Let us see how it works with an example. I want to see the pages where the word ‘awk’ matches. I added a space at the end of the pattern to prevent matching with words like ‘awkward’, getting unintentional matches would be awkward. Instead of escaping space with a backslash, you can also enclose it in single quotes ‘awk ‘.
pdfgrep --page-number --ignore-case awk\ TLCL-19.01.pdf
The word ‘awk’ was found twice on page number 333, once on page 515 and once again on page 543 in the PDF file.
Show match count per page
Do you want to know how many matches were found on which page instead of showing the matches themselves? If you said yes, well it is your lucky day!

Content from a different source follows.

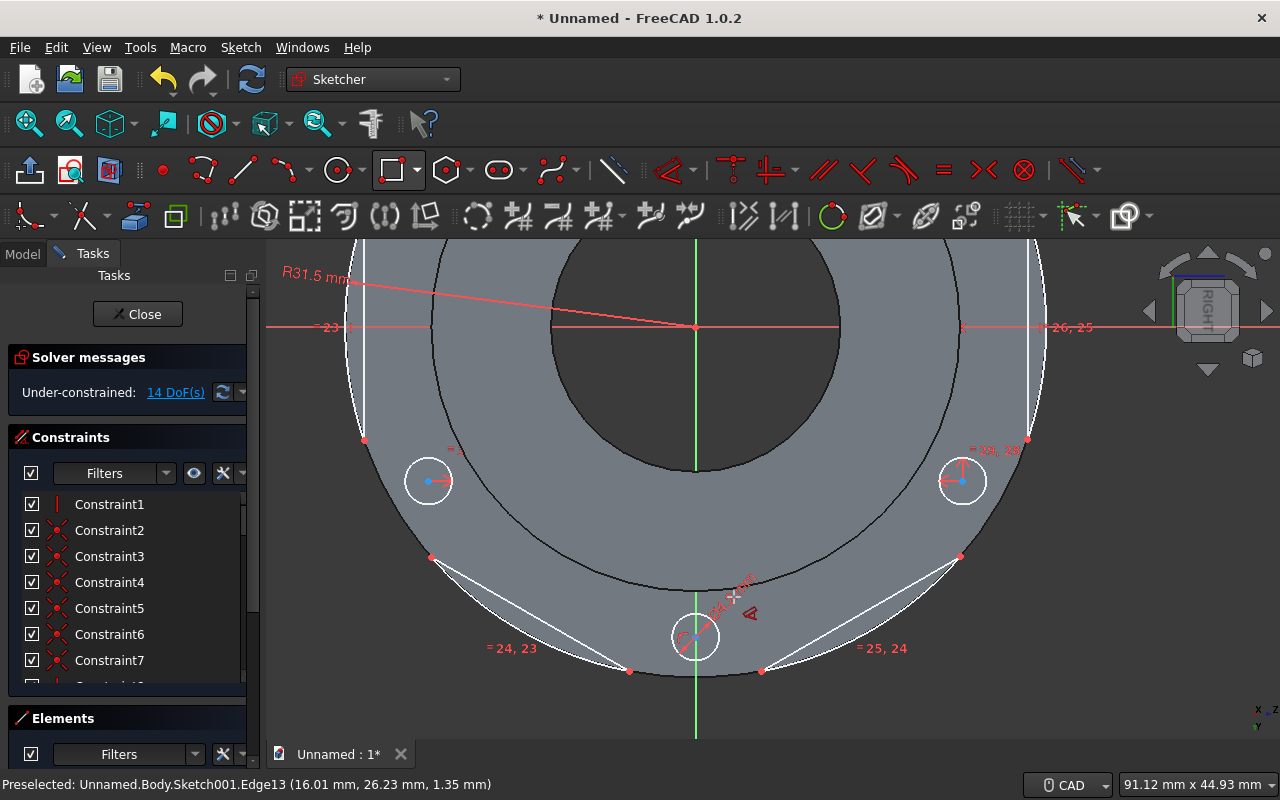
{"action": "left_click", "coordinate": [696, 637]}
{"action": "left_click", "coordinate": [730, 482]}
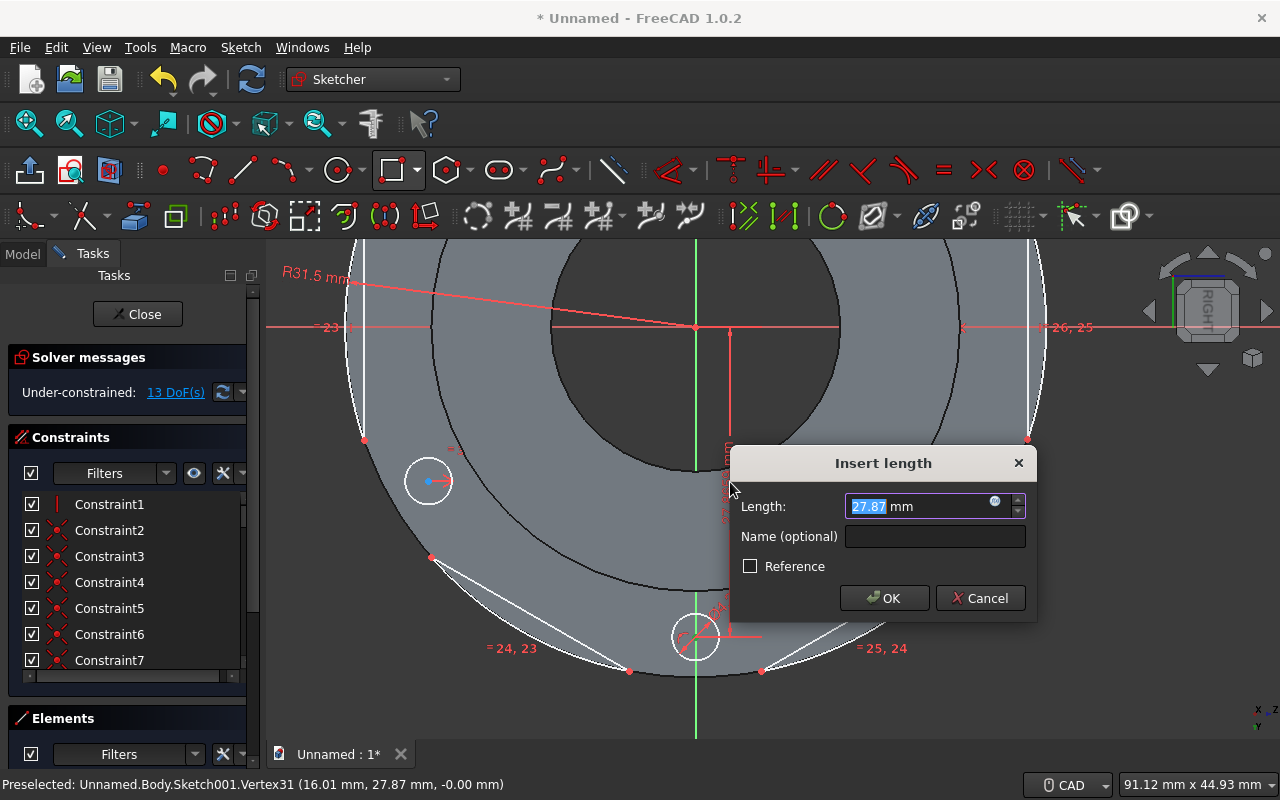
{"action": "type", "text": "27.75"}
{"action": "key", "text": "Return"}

Using the –page-count option does exactly that. As a shorter alternative, you use the -p option. When you provide this option to pdfgrep, it is assumed that you requested -n
as well.
Let’s take a look at how the output looks. For this example, I will see where the ln command is used in the book.
pdfgrep --page-count ln\ TLCL-19.01.pdf
The output is in the form of ‘page number: matches’. This means, on page number 4, the command (or rather “pattern”) was found only once. But on page number 57, pdfgrep found 4 matches.
Get some context
When the number of matches found is quite big, it is nice to have some context. For that, pdfgrep provides some options.
- –after-context NUM: Print NUM of lines that come after the matching lines (or use
-A
) - –before-context NUM: Print NUM of lines that are before the matching lines (or use
-B
) - –context NUM: Print NUM of lines that are before and come after the matching lines (or use
-C
)
Let’s find ‘XDG’ in the PDF file, but this time, with a little more context ( Ν‘ββ―ΝΚ Ν‘β)
Context after matches
Using the –after-context option along with a number, I can see which lines come after the line(s) that match. Below is an example of how it looks.
pdfgrep --after-context 2 XDG TLCL-19.01.pdf
Context before matches
Same thing can be done for scenarios when you need to know what lines are present before the line that matches. In that case, use the –before-context option, along with a number. Below is an example demonstrating usage of this option.
pdfgrep --before-context 2 XDG TLCL-19.01.pdf
Context around matches
If you want to see which lines are present before and come after the line that matched, use the –context option and also provide a number. Below is an example.
pdfgrep --context 2 XDG TLCL-19.01.pdf
Caching
A PDF file consists of images as well as text. When you have a large PDF file, it might take some time to skip other media, extract text and then “grep” it. Doing it often and waiting every time can get frustrating.
For that reason, the –cache option exists. It caches the rendered text to speed up grep-ing. This is especially noticeable on large files.
pdfgrep --cache --ignore-case grep TLCL-19.01.pdf
While not the be-all and end-all, I carried out a search 4 times. Twice with cache enable and twice without cache enable. To show the speed difference, I used the time command. Look closely at the time indicated by ‘real’ value.
As you can see, the commands that include –cache option were completed faster than the ones that didn’t include it.
Additionally, I suppressed the output using the –quiet option for faster completion.
Password protected PDF files
Yes, pdfgrep supports grep-ing even password-protected files. All you have to do is use the –password option, followed by the password.
I do not have a password-protected file to demonstrate with, but you can use this option in the following manner:
pdfgrep --password [PASSWORD] [PATTERN] [FILE.pdf]
Conclusion
pdfgrep is a very handy tool if you are dealing with PDF files and want the functionality of ‘grep’, but for PDF files. A reason why I like pdfgrep is that it tries to be compatible with GNU Grep.
Give it a try and let me know what you think of pdfgrep.